I’m working on an fMRI dataset and have a question about how to preprocess parametric modulators before including them in a first-level GLM (using FSL FEAT).
For my task-related parametric regressors (e.g., trial-by-trial ratings such as perceived price or perceived sweetness), I z-scored each regressor within subject before modeling. I did this to normalize across subjects and ensure the regressors were on comparable scales, especially since their original ranges differed (e.g., one ranged from 0–5, another from 1–10).
I’ve seen many tutorials and papers recommend demeaning parametric modulators to reduce collinearity with the intercept, but not all mention z-scoring. This makes me wonder:
Is z-scoring actually necessary, or is demeaning sufficient?
Does rescaling by the standard deviation (i.e., z-scoring) change the interpretation of the beta weights or influence model estimation in important ways?
When is z-scoring preferred over just demeaning, especially when multiple modulators with different scales are included in the same GLM?
I would greatly appreciate any clarification or references on best practices here. Thanks in advance!
In theory, neither of these are needed, since both (subtraction, division) are linear operations that won’t actually change the significance of linear relationships. However, on a practical level, statistical software just tends to act nicer when you z-score (e.g. models converge better).
The model significance and t-stats should not change. The beta weights will change if you z-score. The interpretation changes that the beta coefficent is now in terms of standard deviations of the predictor, instead of raw units of the predictor.
As long as you do not care about beta coefficient scales, I prefer to z-score always as a rule of thumb. Even if you do care about beta coefficient scales, you can just multiply the betas by the standard deviation to get them back to raw units of your predictor. I have noticed z-scoring particularly helps when you have predictors of really small and really large magnitude.
Thank you so much — this is really clear and helpful!
Just to check my understanding:
Demeaning is primarily done to reduce collinearity with the constant term in the model, so that the parametric regressor can more independently explain variance in the BOLD signal.
Z-scoring goes one step further by rescaling the regressor to unit variance, which is especially helpful when multiple regressors differ greatly in magnitude.
Let me know if I’ve misunderstood anything — otherwise, I really appreciate the explanation!

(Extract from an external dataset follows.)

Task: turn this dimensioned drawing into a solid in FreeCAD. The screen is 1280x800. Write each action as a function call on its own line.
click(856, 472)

I think most of what must be say has already been said, but I’ll add an extra comment about the effect of demeaning: it changes the potential interpretation of the intercept. In fact, one should not speak of “intercept” if non-constant regressors are demeaned. The constant term (beta0) becomes the mean of the signal if all non-constant regressors are demeaned.
I also like to think of it as the difference there is between the “baseline” (=essentially the intercept) and the mean.
Note that in many cases we don’t care about the beta0 values (but not always) so this might be irrelevant in your context.